Хотя кто его там знает, как оно на самом деле обстоит? Может, приказали ему вернуться – он и вернулся. Не нарушать же приказ вышестоящего начальства? Это здесь он лихо приказы херил, поскольку к РККА, так уж выходит, особого отношения и не имел. А там у него свое руководство есть, наверняка не менее строгое, чем здешнее. Не подчинится – вмиг звания лишат да определят в местный штрафбат. Рассказывал же он, что на других планетах тоже всякие войны идут? Вот и отправят туда рядовым, кровью, так сказать, вину искупать. Да и погибнет по дурости на какой-нибудь там Венере или, допустим, Марсе-Юпитере. А так, глядишь, и уговорит Степаныч родное командование снова его в прошлое отпустить повоевать, предкам помочь. Глядишь, и встретятся еще, война, если он не соврал, долгонькой будет. Только ему от всех этих размышлений ни разу не легче – как поступить, все одно не понятно. И врать нельзя, и не врать нельзя. Эдакая вот дилемма, ежели по-умному говорить…

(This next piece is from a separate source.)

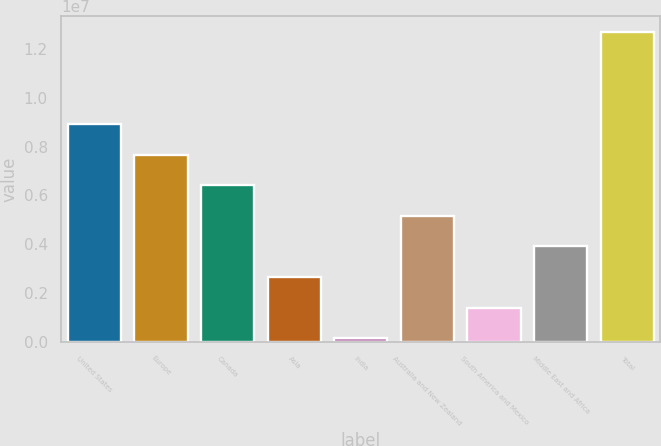Convert chart to OTSL. <chart><loc_0><loc_0><loc_500><loc_500><bar_chart><fcel>United States<fcel>Europe<fcel>Canada<fcel>Asia<fcel>India<fcel>Australia and New Zealand<fcel>South America and Mexico<fcel>Middle East and Africa<fcel>Total<nl><fcel>8.93115e+06<fcel>7.67648e+06<fcel>6.4218e+06<fcel>2.65779e+06<fcel>148453<fcel>5.16713e+06<fcel>1.40312e+06<fcel>3.91246e+06<fcel>1.26952e+07<nl></chart>

Одним словом, в салон военно-транспортного «Дугласа», прогревавшего моторы на взлетной полосе одного из полевых аэродромов ЗапОВО, Зыкин забирался в самом мрачном расположении духа. Не радовала ни зажившая рана, ни лейтенантские «шпалы» на петлицах (что, между прочим, соответствовало армейскому капитану! Вот и сравнялся с комбатом, ага. Причем сразу с обоими, и Минаевым, и Кобриным), ни даже отблескивавший вишневой эмалью новехонький орден Красной Звезды на груди. Поскольку о том, что ждет его буквально завтра, он мог только догадываться.
Однако когда самолет поднялся в воздух и лег на курс в сопровождении пары остроносых краснозвездных истребителей, Виктор неожиданно подумал, что в подобной ситуации неунывающий Степаныч (пусть даже и поддельный, как выяснилось) лишь усмехнулся бы, ободряюще хлопнул по плечу да бросил какое-нибудь из своих словечек. «Прорвемся», там, или «расслабься», или еще какое.